If there are multiple solutions, return any of them.

Example 1:

Input: nums = [1,2,3]
Output: [1,2]
Explanation: [1,3] is also accepted.

Example 2:

Input: nums = [1,2,4,8]
Output: [1,2,4,8]

Constraints:

$1 \leq nums.length \leq 1000$
$1 \leq nums[i] \leq 2 \times 10^9$
All the integers in nums are unique.

Intuition

The problem requires finding the largest subset of a list of distinct positive integers such that every pair of numbers in the subset satisfies the condition of divisibility. The intuition is to sort the array first, which facilitates checking the divisibility condition because if a number is divisible by another, they must follow an increasing order. Dynamic programming is employed to efficiently compute the sizes of the largest divisible subsets ending at each index, allowing a solution that builds upon previously computed results for smaller indices.

Approach

Sorting: Start by sorting the array. Sorting simplifies the problem as we only need to check divisibility on past numbers rather than having to check both directions.
Dynamic Programming Preparation:
- We initiate a dp array where dp[i] represents the size of the largest divisible subset ending at index i.
- We also initialize a subsets vector of sets to keep track of the actual elements of the subset leading to the largest subset for each number.
Initialize Each Number as a Singleton Subset:
- Initially, each number forms a subset of itself, so dp[i] starts as 1 and each set in subsets starts with the corresponding number.
Dynamic Programming Calculation:
- For each number at index i, check all previous numbers (from index 0 to i-1).
- If nums[i] is divisible by nums[j], attempt to extend the largest subset ending with nums[j] to include nums[i].
- This involves checking if adding nums[i] to the subset ending at nums[j] results in a larger subset than currently recorded at dp[i].
Subset Construction:
- If a larger subset is found through a number, we update dp[i] and include elements from the corresponding subset in subsets[j] to subsets[i].
- Maintain the index of the largest subset found during the iteration over all indices.
Result Construction:
- The largest subset is then directly retrieved from the subsets vector using the index of the largest subset computed.
- Convert this set to a vector and return it as the result.

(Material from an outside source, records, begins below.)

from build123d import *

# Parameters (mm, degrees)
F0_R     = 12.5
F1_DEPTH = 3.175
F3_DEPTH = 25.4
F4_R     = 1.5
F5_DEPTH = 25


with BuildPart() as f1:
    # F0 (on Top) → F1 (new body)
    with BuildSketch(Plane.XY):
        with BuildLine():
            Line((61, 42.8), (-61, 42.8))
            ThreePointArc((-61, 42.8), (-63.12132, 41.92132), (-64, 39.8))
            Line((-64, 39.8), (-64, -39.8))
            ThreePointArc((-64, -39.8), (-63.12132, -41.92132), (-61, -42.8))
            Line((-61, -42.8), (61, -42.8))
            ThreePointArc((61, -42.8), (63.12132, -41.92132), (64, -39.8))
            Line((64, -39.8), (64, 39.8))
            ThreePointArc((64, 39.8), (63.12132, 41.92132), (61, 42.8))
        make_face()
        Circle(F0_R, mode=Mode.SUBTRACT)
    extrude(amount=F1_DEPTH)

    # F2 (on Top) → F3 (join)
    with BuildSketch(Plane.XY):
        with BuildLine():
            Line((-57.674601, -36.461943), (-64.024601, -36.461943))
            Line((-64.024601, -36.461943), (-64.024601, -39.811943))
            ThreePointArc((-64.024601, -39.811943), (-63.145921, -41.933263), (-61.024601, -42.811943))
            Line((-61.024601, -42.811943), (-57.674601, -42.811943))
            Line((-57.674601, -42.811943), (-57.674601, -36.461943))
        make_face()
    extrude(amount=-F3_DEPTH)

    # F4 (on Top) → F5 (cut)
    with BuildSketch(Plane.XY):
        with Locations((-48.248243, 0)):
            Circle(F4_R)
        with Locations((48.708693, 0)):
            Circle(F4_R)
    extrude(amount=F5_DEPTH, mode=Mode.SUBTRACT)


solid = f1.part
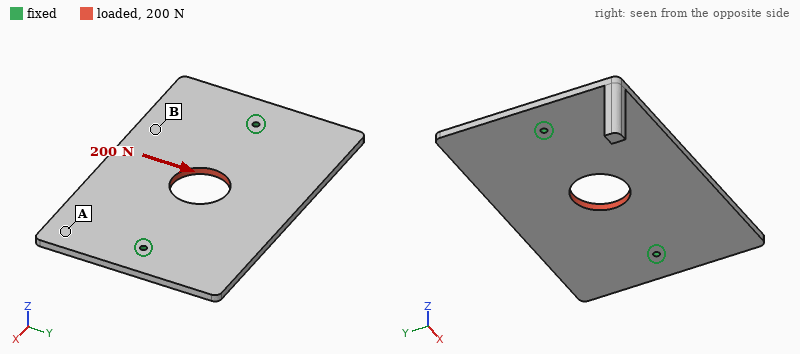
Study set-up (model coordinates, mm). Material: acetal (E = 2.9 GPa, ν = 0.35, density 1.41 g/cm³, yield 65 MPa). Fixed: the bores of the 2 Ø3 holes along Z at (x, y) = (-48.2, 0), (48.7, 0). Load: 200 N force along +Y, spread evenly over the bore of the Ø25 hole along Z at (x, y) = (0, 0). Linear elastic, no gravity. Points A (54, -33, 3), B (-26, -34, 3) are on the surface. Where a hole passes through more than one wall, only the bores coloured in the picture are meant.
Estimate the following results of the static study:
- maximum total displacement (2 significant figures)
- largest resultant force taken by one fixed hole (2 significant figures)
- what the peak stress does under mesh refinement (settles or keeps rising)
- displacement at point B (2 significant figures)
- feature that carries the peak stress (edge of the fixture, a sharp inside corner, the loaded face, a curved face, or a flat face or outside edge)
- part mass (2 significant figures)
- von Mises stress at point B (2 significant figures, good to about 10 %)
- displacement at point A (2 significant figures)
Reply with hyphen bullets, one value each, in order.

- 32 µm
- 100 N
- keeps rising
- 20 µm
- edge of the fixture
- 48 g
- 0.64 MPa
- 9.6 µm
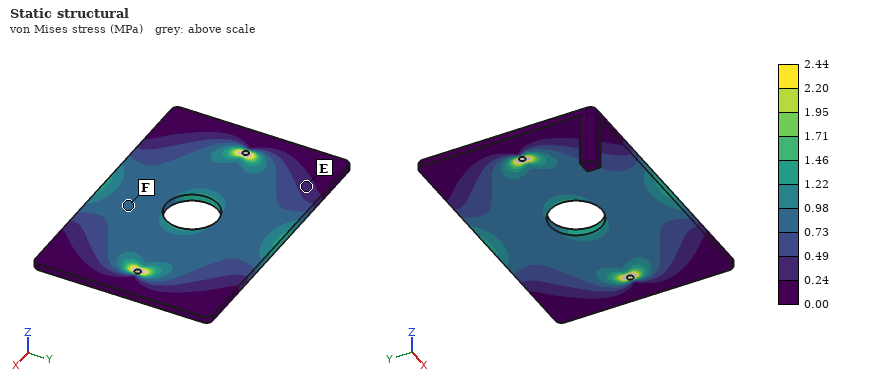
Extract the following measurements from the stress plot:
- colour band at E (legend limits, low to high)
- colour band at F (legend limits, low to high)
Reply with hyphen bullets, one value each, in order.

- 0.24 to 0.49 MPa
- 0.73 to 0.98 MPa
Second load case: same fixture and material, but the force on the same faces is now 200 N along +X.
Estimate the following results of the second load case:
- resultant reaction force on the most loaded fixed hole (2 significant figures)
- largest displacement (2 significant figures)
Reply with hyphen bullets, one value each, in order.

- 100 N
- 18 µm
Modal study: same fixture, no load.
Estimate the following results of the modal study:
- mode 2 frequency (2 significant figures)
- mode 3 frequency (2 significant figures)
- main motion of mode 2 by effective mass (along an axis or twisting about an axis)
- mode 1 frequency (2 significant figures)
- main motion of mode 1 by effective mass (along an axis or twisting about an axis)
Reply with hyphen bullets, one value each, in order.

- 290 Hz
- 340 Hz
- along Z
- 210 Hz
- twisting about X

This algorithm leverages a combination of sorting, dynamic programming, and sets to efficiently find and store not only the sizes of the candidate subsets but also the elements themselves. The complexity is dominated by the need to traverse and compare subsets through the loop, leading to an overall time complexity of $O(n^2)$.

Code

C++

class Solution {

public:
    // Helper function to calculate the largest subset size ending at index 'idx'
    int calc(vector<int>& nums, vector<int>& dp, vector<set<int>>& subsets, int idx) {
        // Return already computed value if present
        if (dp[idx] != -1) {
            return dp[idx];
        }
        
        // Initialize current subset size to 1 (at least the number itself)
        dp[idx] = 1;
        int maxSubsetIdx = -1;

        // Find a previous number that nums[idx] can be divided by to form a larger subset
        for (int i = 0; i < idx; ++i) {
            if (nums[idx] % nums[i] == 0 && 
                (maxSubsetIdx == -1 || calc(nums, dp, subsets, maxSubsetIdx) < calc(nums, dp, subsets, i))) {
                maxSubsetIdx = i;
            }
        }
        
        // Update the current dp value if a larger subset was found
        if (maxSubsetIdx != -1) {
            dp[idx] += dp[maxSubsetIdx];
            subsets[idx].insert(subsets[maxSubsetIdx].begin(), subsets[maxSubsetIdx].end());
        }
        return dp[idx];
    }

    // Main function to find the largest divisible subset
    vector<int> largestDivisibleSubset(vector<int>& nums) {
        int n = nums.size();
        
        // Sort the numbers to allow easy subset checking
        sort(nums.begin(), nums.end());
        
        // Initialize DP and subsets array
        vector<int> dp(n, -1);
        vector<set<int>> subsets(n);

        // Initially each number forms a singleton subset
        for (int i = 0; i < n; ++i) {
            subsets[i].insert(nums[i]);
        }

        int largestSubsetIdx = 0; // Index of largest subset found

        // Calculate largest subset for each number
        for (int i = 0; i < n; ++i) {
            if (calc(nums, dp, subsets, i) > dp[largestSubsetIdx]) {
                largestSubsetIdx = i;
            }
        }

        // Return the largest subset found
        return vector<int>(subsets[largestSubsetIdx].begin(), subsets[largestSubsetIdx].end());
    }
};

Python

class Solution:

    # Helper function to calculate the largest subset size ending at index 'idx'
    def calc(self, nums, dp, subsets, idx):
        # Return already computed value if present
        if dp[idx] != -1:
            return dp[idx]
        
        # Initialize current subset size to 1 (at least the number itself)
        dp[idx] = 1
        maxSubsetIdx = -1

        # Find a previous number that nums[idx] can be divided by to form a larger subset
        for i in range(idx):
            if nums[idx] % nums[i] == 0 and (
                maxSubsetIdx == -1 or self.calc(nums, dp, subsets, maxSubsetIdx) < self.calc(nums, dp, subsets, i)):
                maxSubsetIdx = i
        
        # Update the current dp value if a larger subset was found
        if maxSubsetIdx != -1:
            dp[idx] += dp[maxSubsetIdx]
            subsets[idx].update(subsets[maxSubsetIdx])
        return dp[idx]

    # Main function to find the largest divisible subset
    def largestDivisibleSubset(self, nums):
        n = len(nums)
        
        # Sort the numbers to allow easy subset checking
        nums.sort()
        
        # Initialize DP and subsets array
        dp = [-1] * n
        subsets = [set() for _ in range(n)]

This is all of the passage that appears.